That enterprise, be its intermediate processes what they
may, consists in the long run in the organisation of a certain type of common
life. State and plan of existence, programme of human activity or conduct, these
are inseparable terms. The different kinds of State arise from the different
ways in which the promoting group enters into collaboration with the others.
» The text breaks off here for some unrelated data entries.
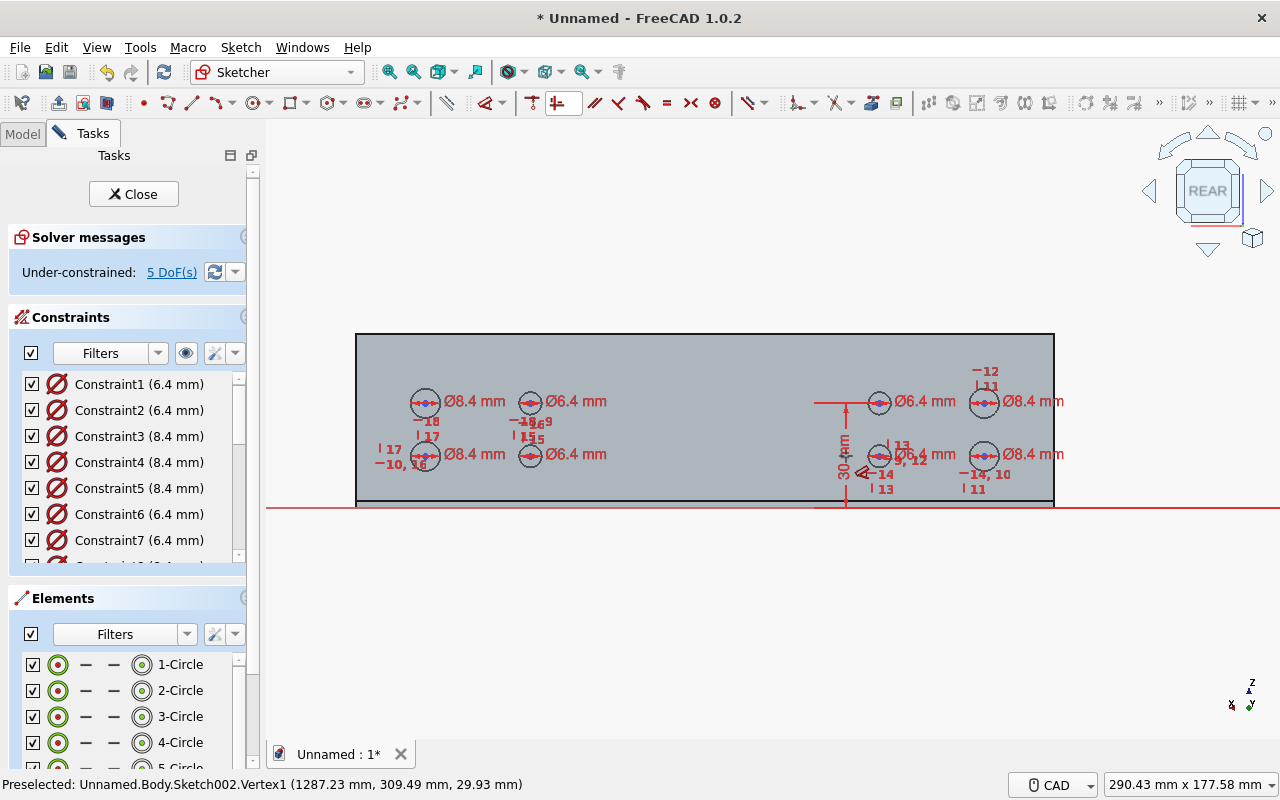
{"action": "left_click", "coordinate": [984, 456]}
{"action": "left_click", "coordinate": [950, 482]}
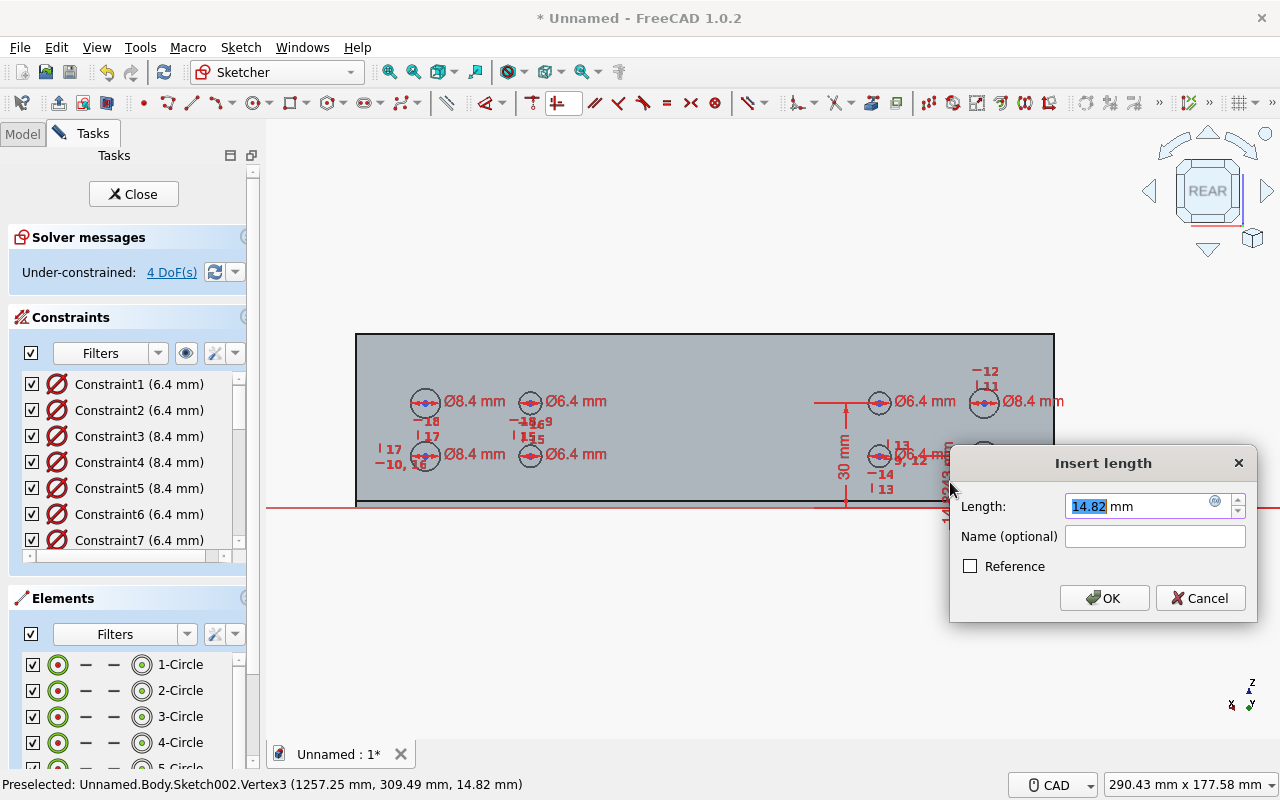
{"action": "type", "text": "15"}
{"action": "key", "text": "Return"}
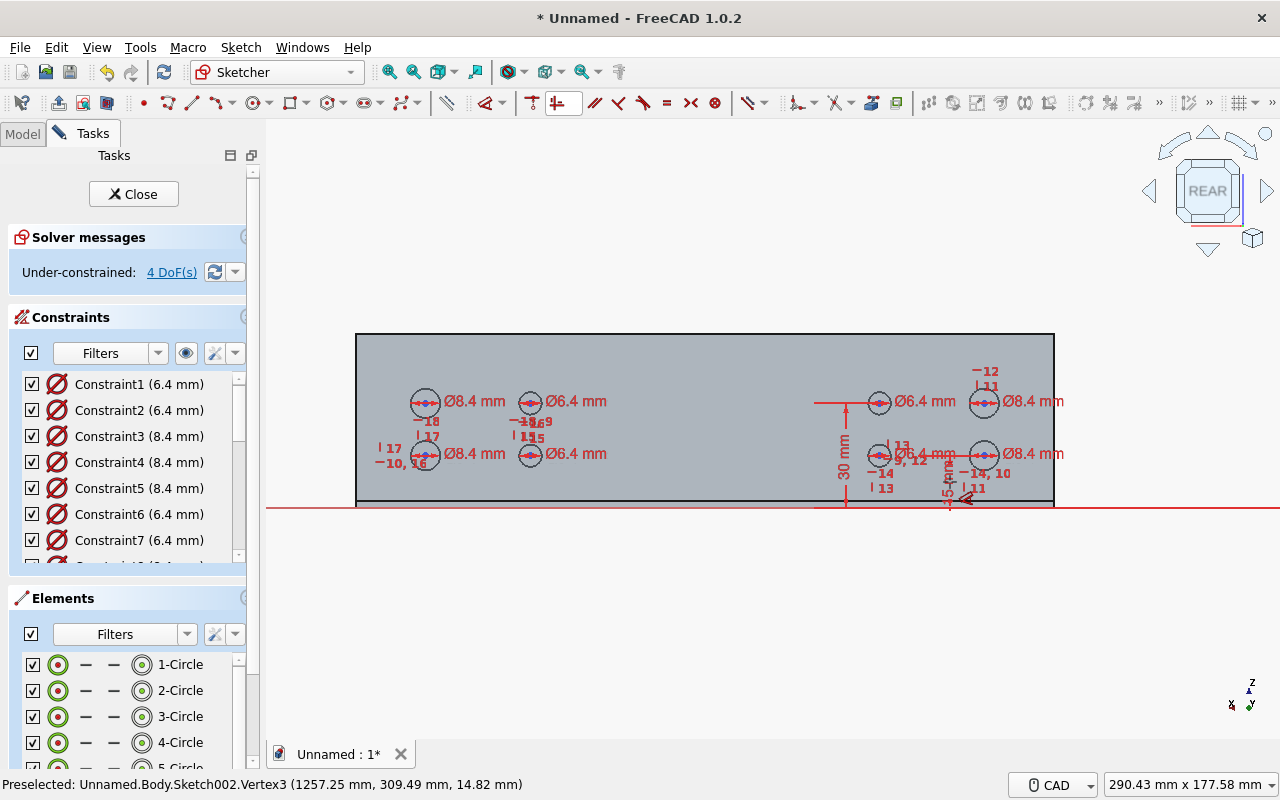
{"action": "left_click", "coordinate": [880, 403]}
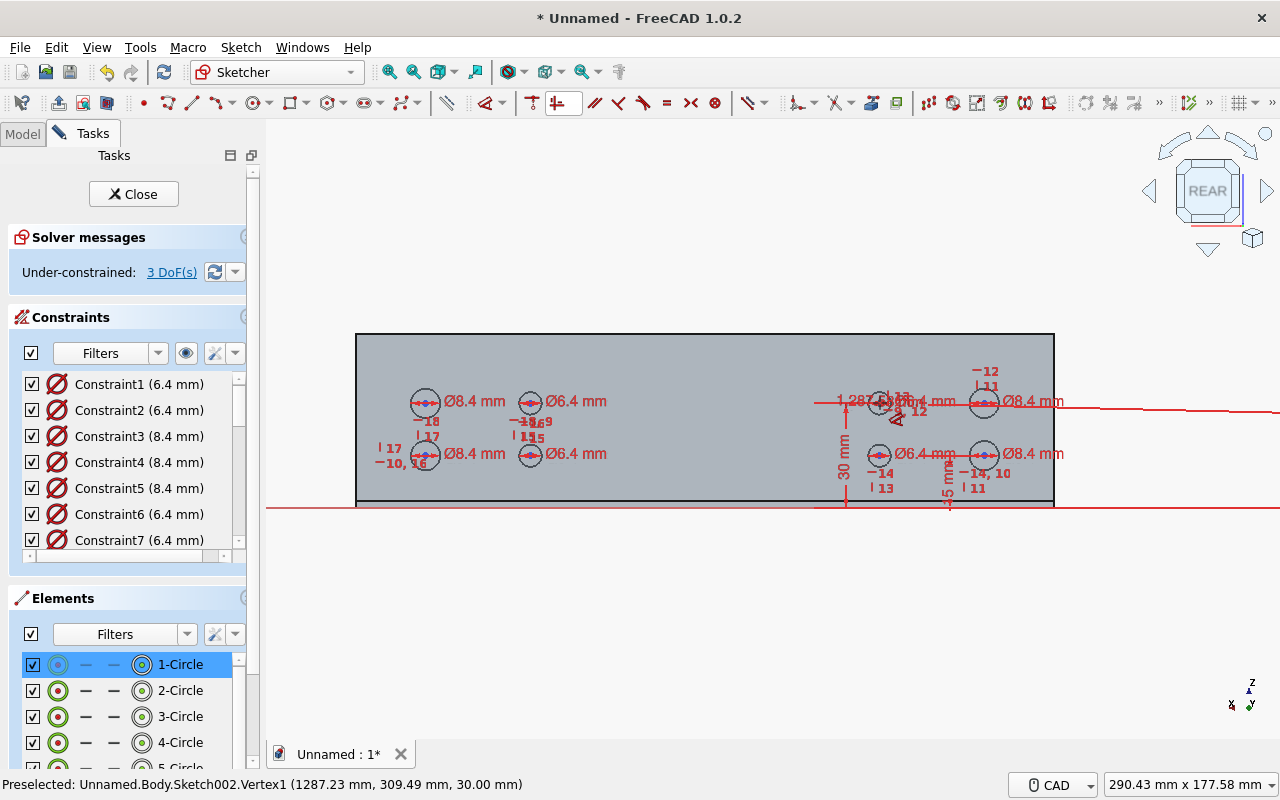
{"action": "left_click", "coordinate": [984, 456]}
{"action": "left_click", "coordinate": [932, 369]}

Thus, the ancient State never succeeds in fusing with the others. Rome rules and
educates the Italians and the provincials, but it does not raise them to union
with itself. Even in the city it did not bring about the political fusion of the
citizens. Let it not be forgotten that during the Republic Rome was, strictly
speaking, two Romes: the Senate and the people. State-unification never got
beyond a mere setting up of communication between groups which remained
strangers one to the other. Hence it was that the Empire, when threatened, could
not count on the patriotism of the others, and had to defend itself exclusively
by bureaucratic measures of administration and warfare. This
incapacity of every Greek and Roman group to fuse with other groups arose from
profound causes which this is not the place to examine, but which may definitely
be summed up in one: the man of the ancient world interpreted the collaboration
in which the State inevitably consists, in a simple, elemental, rough fashion,
namely, as a duality of governors and governed.[9]
[9]This is
confirmed by what at first sight seems to contradict it: the granting of
citizenship to all the inhabitants of the Empire. But it turns out that this
concession was made precisely when it was losing the character of political
status and changing into mere burden and service to the State, or into mere
title in civil law. Nothing else could be expected from a State in which
slavery was accepted as a principle. For our "nations," on the
other hand, slavery was merely a residual fact.